Nidhin, October 19, 2007 - 8:30 am UTC

We have a table that have nearly 100K records of which some are duplicate. We dont want to delete these duplicate records. We want to create a constarint which will prevent the insertion of any duplicate records. We are using Oracle 8i database. Please help

t replaced by an inline view (having join of 3 tables)

A Reader, October 29, 2008 - 2:03 pm UTC

Hi Tom,

Needs one clarification!

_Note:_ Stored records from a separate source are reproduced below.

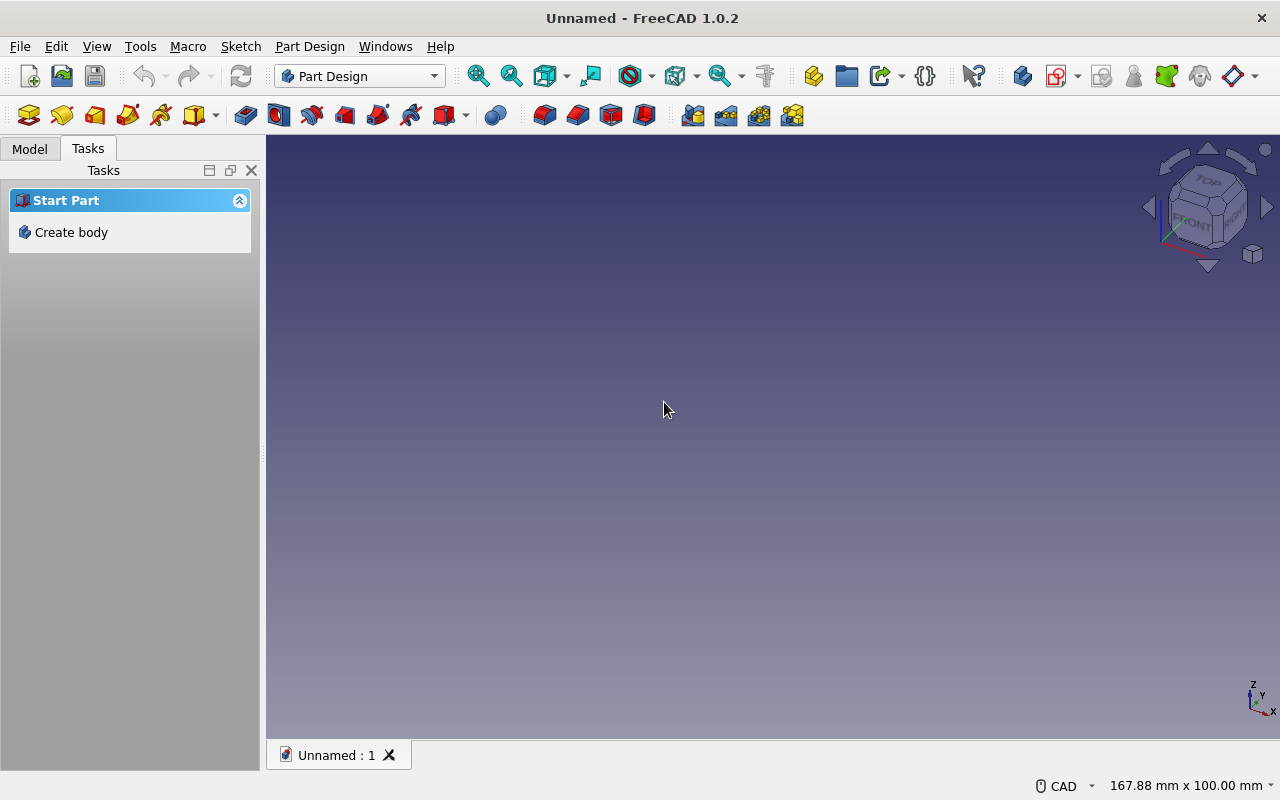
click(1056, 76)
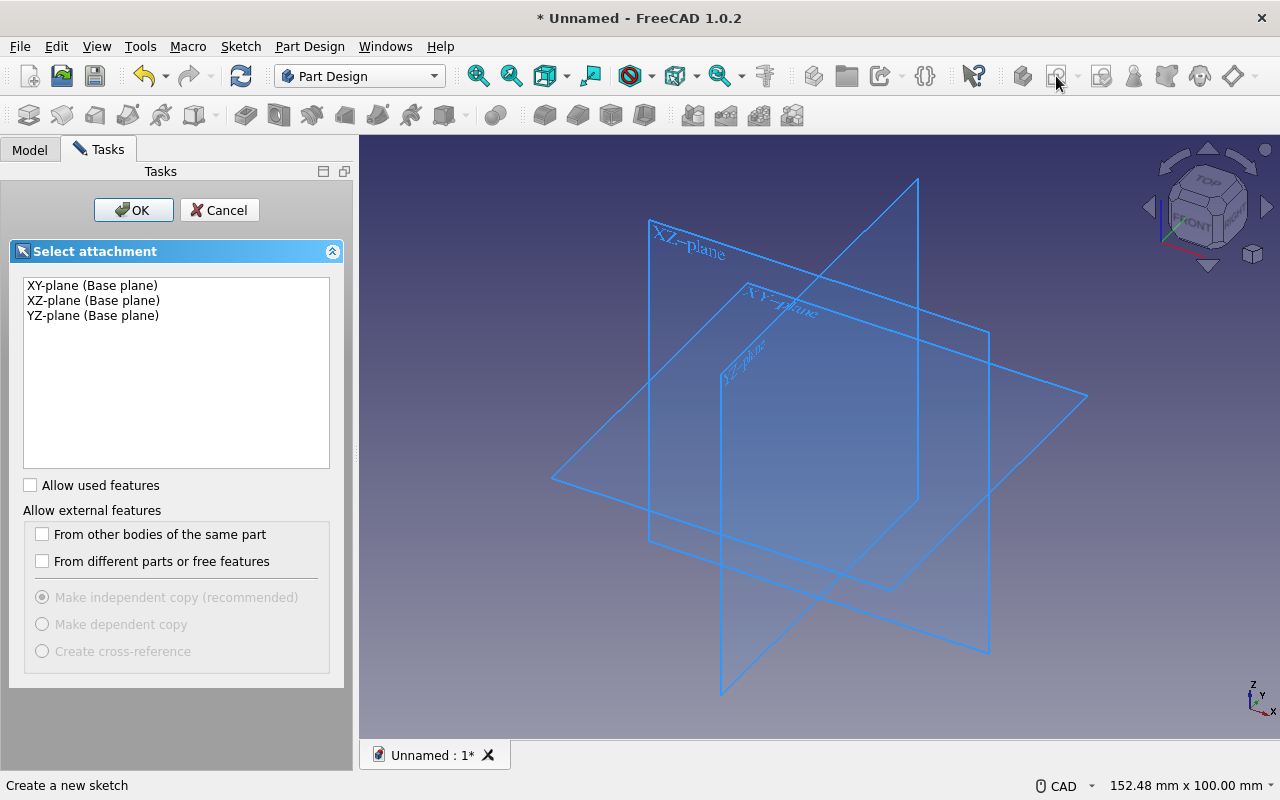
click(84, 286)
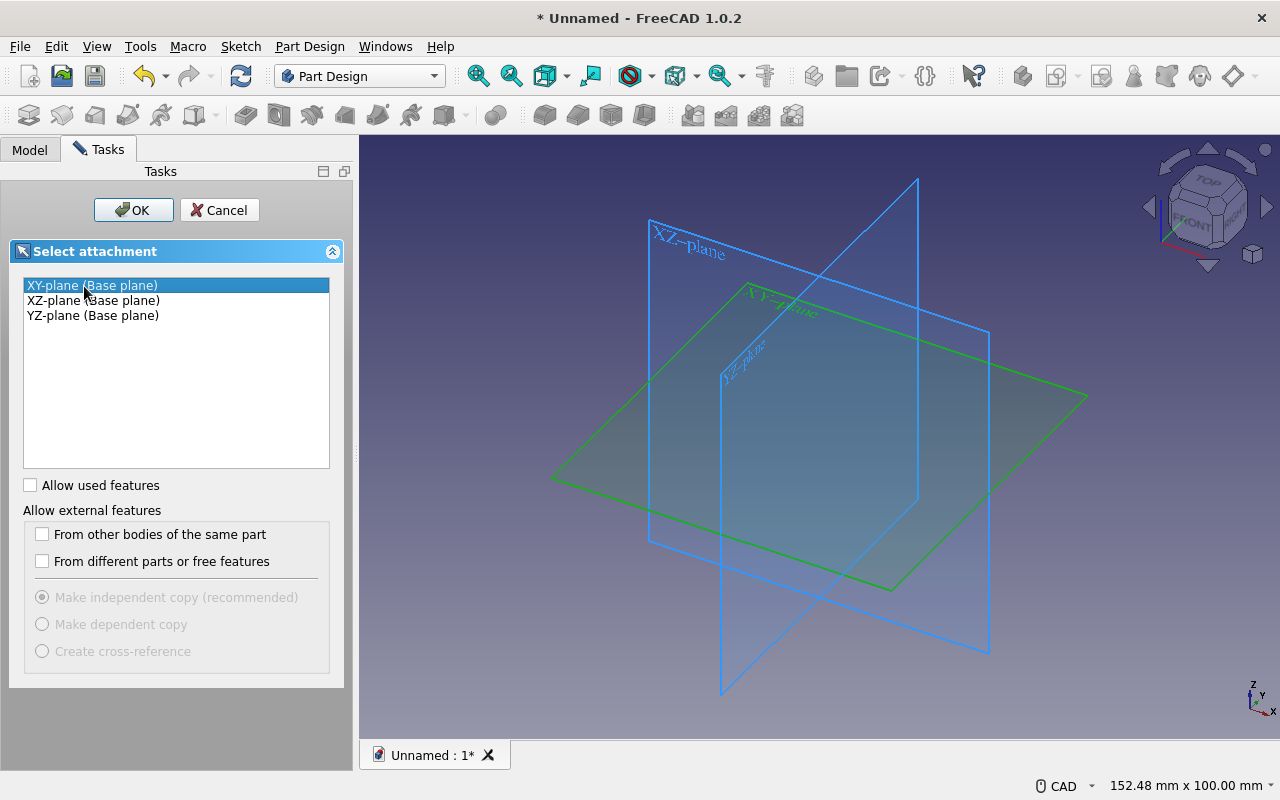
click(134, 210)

How about table "t" replaced by an inline view (joining 2-3 tables).

Will this query sill hold good. I did some experiments and the Inline-view uses the ROWID for one of the tables.

Delete from t
where rowid in ( select rid
from ( select rowid rid,
row_number() over
( partition by x order by rowid ) rn
from t
)
where rn > 1 )

October 29, 2008 - 4:09 pm UTC

If you mean T all of the way down in the inline view already - sure it could be, but I would code:

Delete from t
  where rowid in ( select rid
                     from ( select rid,
                                   row_number() over 
                                          ( partition by x order by rid ) rn
                              from (select t.rowid RID, t.x
                                      from t, t1, t2
                                     where ..... )
                           )
                    where rn > 1 )

to remove any ambiguity.

As an example

A Reader, October 29, 2008 - 10:29 pm UTC

Delete
from
(
SELECT
a.Empno AS Emp_Id,
a.Ename AS Emp_Name,
b.Dname AS DEpt_Name
FROM
emp a, dept b
WHERE
a.deptno = b.deptno
) t
where rowid in ( select rid
from ( select rowid rid,
row_number() over
( partition by Emp_Name, DEpt_Name order by rowid ) rn
from (
SELECT
a.Empno AS Emp_Id,
a.Ename AS Emp_Name,
b.Dname AS DEpt_Name
FROM
emp a, dept b
WHERE
a.deptno = b.deptno
) t
)
where rn > 1 )
/

I was mentioning t to be an in-line view of EMP and DEPT. What I observed was ROWID of the INline-view (t) is taken as EMP table's ROWID and it is working.

Why is that "t" 's Rowid becomes EMP'ID. How does Oracle do it.

Thanks

October 30, 2008 - 8:05 am UTC

I would be EXPLICIT - select the rowid (like I said above!) just select out the ROWID you want.

Why rely on something you cannot see? Be explicit.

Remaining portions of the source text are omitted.